--- WHAT TO PRODUCE ---
Of the material below, only the lines from the line containing "else putStrLn (unlines" down to the line containing "var A = GetLongs(N);" belong in the answer, written out exactly.

--- LISTED ENTRIES ---

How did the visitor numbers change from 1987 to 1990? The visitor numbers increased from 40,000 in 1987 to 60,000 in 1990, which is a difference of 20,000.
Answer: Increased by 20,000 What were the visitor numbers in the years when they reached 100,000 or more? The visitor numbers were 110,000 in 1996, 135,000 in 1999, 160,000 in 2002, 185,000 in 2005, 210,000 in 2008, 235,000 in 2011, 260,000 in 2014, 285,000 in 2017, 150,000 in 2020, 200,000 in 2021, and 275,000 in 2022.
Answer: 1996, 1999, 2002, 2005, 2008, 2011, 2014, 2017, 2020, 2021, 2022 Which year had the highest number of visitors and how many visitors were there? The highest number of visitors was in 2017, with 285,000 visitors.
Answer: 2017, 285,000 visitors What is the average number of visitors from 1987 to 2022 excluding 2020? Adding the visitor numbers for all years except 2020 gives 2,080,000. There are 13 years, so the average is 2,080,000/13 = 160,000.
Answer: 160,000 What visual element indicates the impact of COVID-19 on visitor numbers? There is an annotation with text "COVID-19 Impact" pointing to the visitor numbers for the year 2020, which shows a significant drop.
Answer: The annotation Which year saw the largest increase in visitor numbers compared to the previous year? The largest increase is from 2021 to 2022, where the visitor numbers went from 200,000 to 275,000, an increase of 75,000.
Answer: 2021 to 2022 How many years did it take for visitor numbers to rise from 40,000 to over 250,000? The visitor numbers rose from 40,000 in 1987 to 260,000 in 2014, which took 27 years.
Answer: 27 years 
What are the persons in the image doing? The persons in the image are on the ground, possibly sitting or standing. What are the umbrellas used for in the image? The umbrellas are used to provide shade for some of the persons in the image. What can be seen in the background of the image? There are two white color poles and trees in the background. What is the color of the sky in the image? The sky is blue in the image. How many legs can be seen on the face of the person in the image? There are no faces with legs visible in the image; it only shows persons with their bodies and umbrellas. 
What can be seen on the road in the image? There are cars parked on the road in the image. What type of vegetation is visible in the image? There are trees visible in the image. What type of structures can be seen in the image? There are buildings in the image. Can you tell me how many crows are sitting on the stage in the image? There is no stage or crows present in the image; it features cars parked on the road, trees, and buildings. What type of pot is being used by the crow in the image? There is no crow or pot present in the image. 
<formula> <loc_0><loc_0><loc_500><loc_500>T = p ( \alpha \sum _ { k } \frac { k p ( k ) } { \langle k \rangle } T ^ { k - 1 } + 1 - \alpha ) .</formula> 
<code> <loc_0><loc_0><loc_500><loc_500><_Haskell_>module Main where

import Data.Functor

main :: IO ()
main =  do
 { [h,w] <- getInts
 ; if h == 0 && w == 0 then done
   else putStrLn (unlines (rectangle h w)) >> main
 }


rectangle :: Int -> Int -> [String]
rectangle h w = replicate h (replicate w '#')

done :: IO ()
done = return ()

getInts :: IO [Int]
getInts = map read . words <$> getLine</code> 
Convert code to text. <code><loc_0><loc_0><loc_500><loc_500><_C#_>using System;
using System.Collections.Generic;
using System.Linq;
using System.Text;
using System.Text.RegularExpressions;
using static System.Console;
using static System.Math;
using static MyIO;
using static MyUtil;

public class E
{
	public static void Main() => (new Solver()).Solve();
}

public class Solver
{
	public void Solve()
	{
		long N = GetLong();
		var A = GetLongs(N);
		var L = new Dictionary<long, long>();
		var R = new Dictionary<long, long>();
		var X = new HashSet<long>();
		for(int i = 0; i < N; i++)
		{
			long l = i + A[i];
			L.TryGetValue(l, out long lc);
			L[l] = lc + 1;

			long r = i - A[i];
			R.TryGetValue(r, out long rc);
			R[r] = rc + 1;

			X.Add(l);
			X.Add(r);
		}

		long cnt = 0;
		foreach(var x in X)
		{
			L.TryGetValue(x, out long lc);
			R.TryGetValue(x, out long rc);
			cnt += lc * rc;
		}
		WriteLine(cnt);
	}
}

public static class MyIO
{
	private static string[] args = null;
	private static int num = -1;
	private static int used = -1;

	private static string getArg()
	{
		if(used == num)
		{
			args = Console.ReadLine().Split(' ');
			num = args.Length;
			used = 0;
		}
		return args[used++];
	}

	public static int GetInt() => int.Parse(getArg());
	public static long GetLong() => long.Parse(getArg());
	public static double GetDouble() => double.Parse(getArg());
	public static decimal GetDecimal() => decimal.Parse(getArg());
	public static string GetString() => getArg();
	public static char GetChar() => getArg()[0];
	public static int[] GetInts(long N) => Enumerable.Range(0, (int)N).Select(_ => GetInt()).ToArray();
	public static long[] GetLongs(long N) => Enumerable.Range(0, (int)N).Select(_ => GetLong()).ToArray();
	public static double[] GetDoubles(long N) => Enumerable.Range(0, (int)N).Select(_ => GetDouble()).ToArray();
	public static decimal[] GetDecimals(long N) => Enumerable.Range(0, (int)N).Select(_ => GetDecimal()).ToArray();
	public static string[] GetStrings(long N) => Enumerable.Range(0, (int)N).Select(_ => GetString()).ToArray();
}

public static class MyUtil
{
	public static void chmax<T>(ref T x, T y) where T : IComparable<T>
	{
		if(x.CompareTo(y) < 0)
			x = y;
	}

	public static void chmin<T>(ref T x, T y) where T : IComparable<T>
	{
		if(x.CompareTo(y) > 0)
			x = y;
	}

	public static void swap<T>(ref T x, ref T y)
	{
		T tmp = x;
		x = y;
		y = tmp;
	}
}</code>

--- COMPLETED EXERCISE ---
   else putStrLn (unlines (rectangle h w)) >> main
 }


rectangle :: Int -> Int -> [String]
rectangle h w = replicate h (replicate w '#')

done :: IO ()
done = return ()

getInts :: IO [Int]
getInts = map read . words <$> getLine</code> 
Convert code to text. <code><loc_0><loc_0><loc_500><loc_500><_C#_>using System;
using System.Collections.Generic;
using System.Linq;
using System.Text;
using System.Text.RegularExpressions;
using static System.Console;
using static System.Math;
using static MyIO;
using static MyUtil;

public class E
{
	public static void Main() => (new Solver()).Solve();
}

public class Solver
{
	public void Solve()
	{
		long N = GetLong();
		var A = GetLongs(N);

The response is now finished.